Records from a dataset
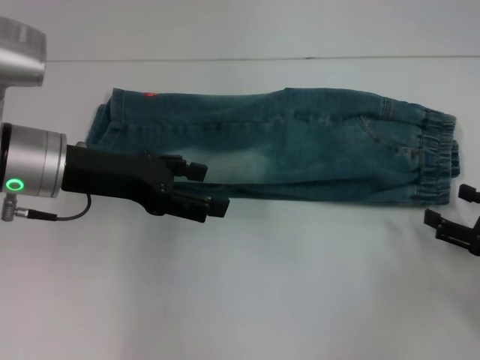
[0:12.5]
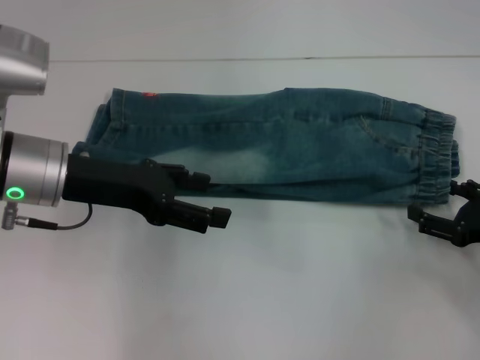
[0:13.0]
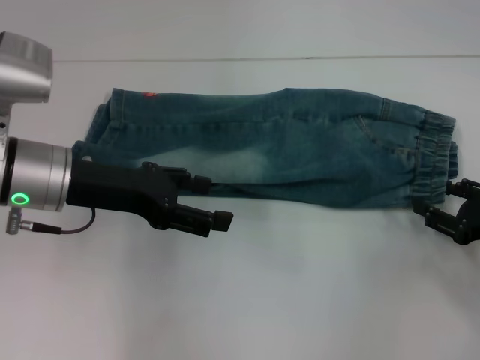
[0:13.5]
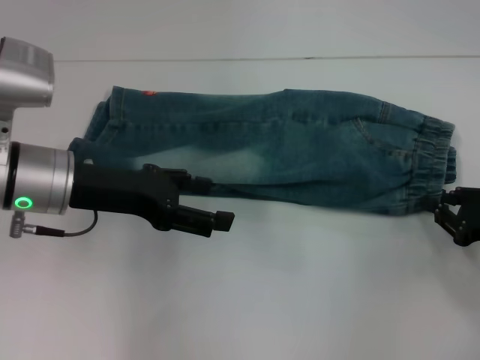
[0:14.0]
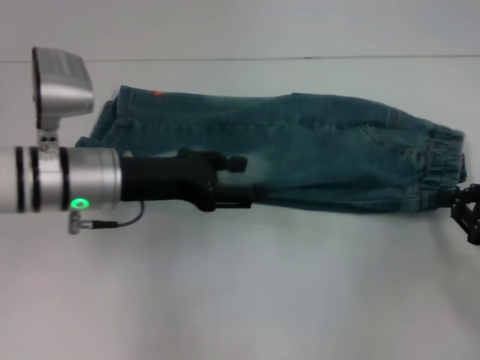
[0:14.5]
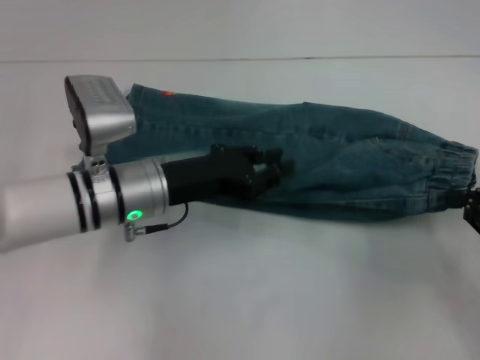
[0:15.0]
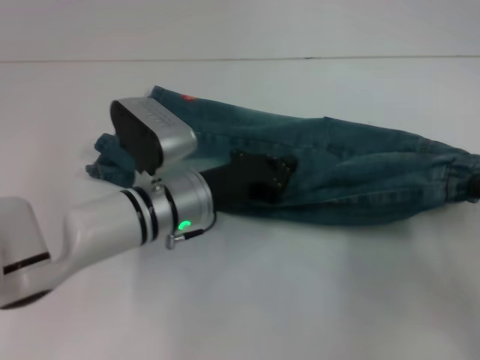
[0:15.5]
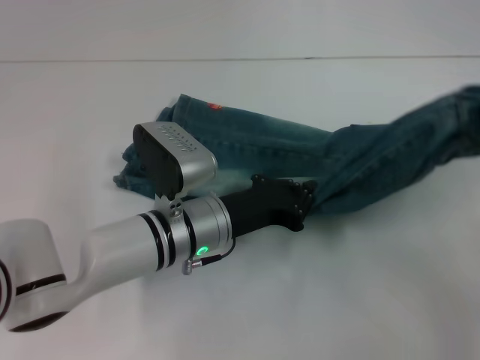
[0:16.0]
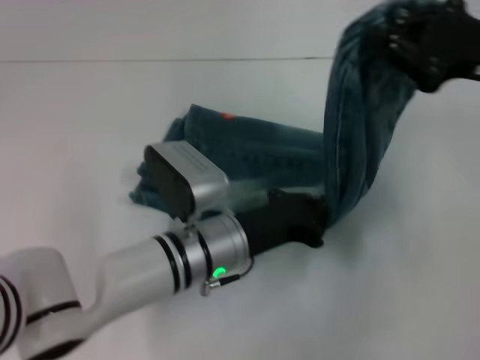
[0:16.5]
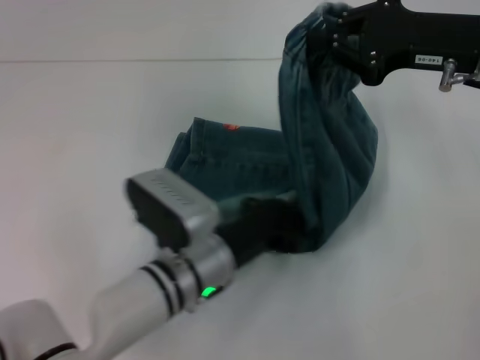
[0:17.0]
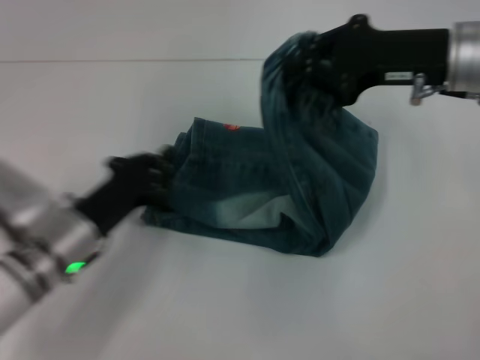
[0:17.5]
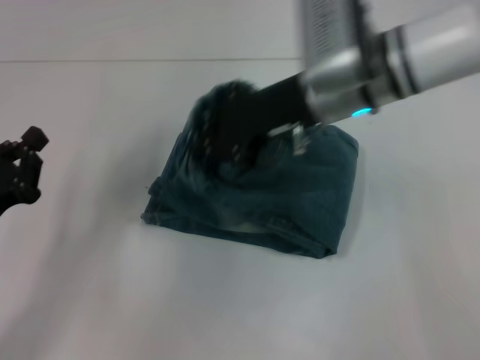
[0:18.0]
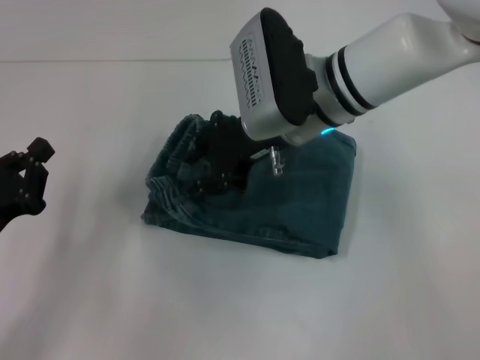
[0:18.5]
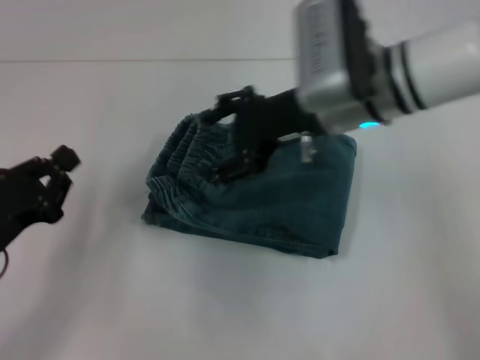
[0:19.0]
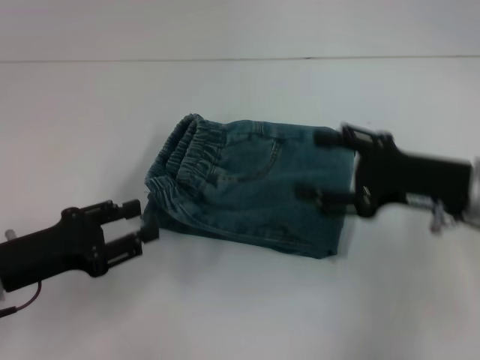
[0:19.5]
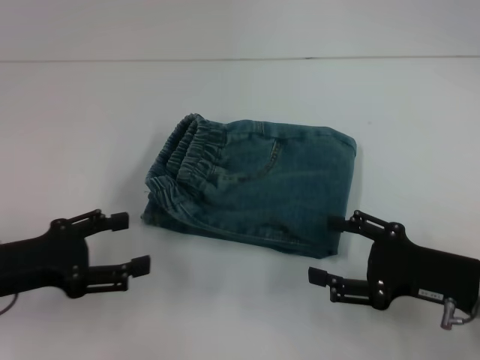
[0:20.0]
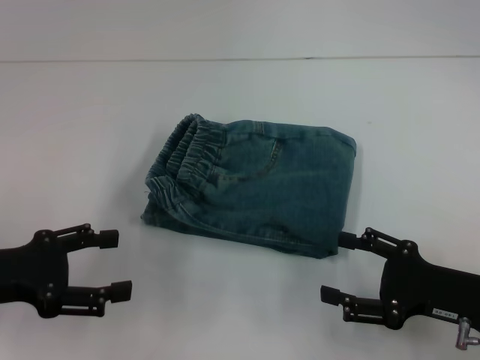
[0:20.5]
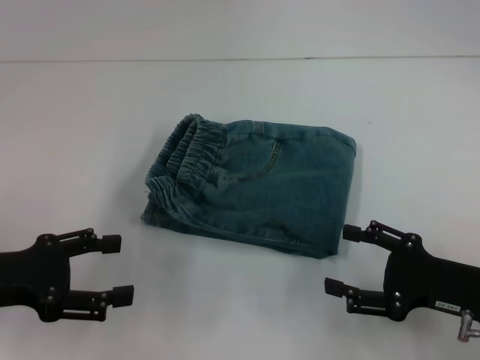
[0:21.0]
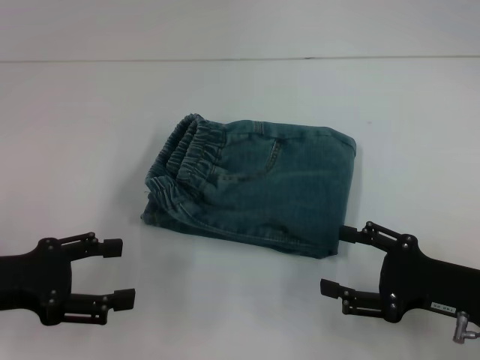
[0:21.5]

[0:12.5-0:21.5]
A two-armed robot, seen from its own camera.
Step, 0:12.5 to 0:14.0: Grab the waistband with your right hand.
Step, 0:14.5 to 0:17.0: Press the middle of the pants with your left hand.
Step, 0:17.5 to 0:18.5: Fold to the left with your right hand.
0:12.5 to 0:14.5: The left gripper ends up some 5 cm from where it was. Meanwhile the right gripper closes.
0:14.5 to 0:17.0: The left gripper is displaced to the right, downward and backward by some 15 cm, and closes its fingers. The right gripper travels upward, forward and to the left by approximately 20 cm.
0:17.0 to 0:19.5: The right gripper moves downward and backward, about 10 cm, travels to the left and back again, about 15 cm each way, and opens up, while the left gripper travels to the left by roughly 20 cm.
0:19.5 to 0:21.5: The left gripper opens its fingers, while the right gripper shifts roughly 10 cm backward and downward.

▸ **DIRECTIONS FOR THIS TASK**
All records above are to be repeated exactly, with the images left out.

▸ **RESULT OF THE EXERCISE**
[0:12.5]
[0:13.0]
[0:13.5]
[0:14.0]
[0:14.5]
[0:15.0]
[0:15.5]
[0:16.0]
[0:16.5]
[0:17.0]
[0:17.5]
[0:18.0]
[0:18.5]
[0:19.0]
[0:19.5]
[0:20.0]
[0:20.5]
[0:21.0]
[0:21.5]

[0:12.5-0:21.5]
A two-armed robot, seen from its own camera.
Step, 0:12.5 to 0:14.0: Grab the waistband with your right hand.
Step, 0:14.5 to 0:17.0: Press the middle of the pants with your left hand.
Step, 0:17.5 to 0:18.5: Fold to the left with your right hand.
0:12.5 to 0:14.5: The left gripper ends up some 5 cm from where it was. Meanwhile the right gripper closes.
0:14.5 to 0:17.0: The left gripper is displaced to the right, downward and backward by some 15 cm, and closes its fingers. The right gripper travels upward, forward and to the left by approximately 20 cm.
0:17.0 to 0:19.5: The right gripper moves downward and backward, about 10 cm, travels to the left and back again, about 15 cm each way, and opens up, while the left gripper travels to the left by roughly 20 cm.
0:19.5 to 0:21.5: The left gripper opens its fingers, while the right gripper shifts roughly 10 cm backward and downward.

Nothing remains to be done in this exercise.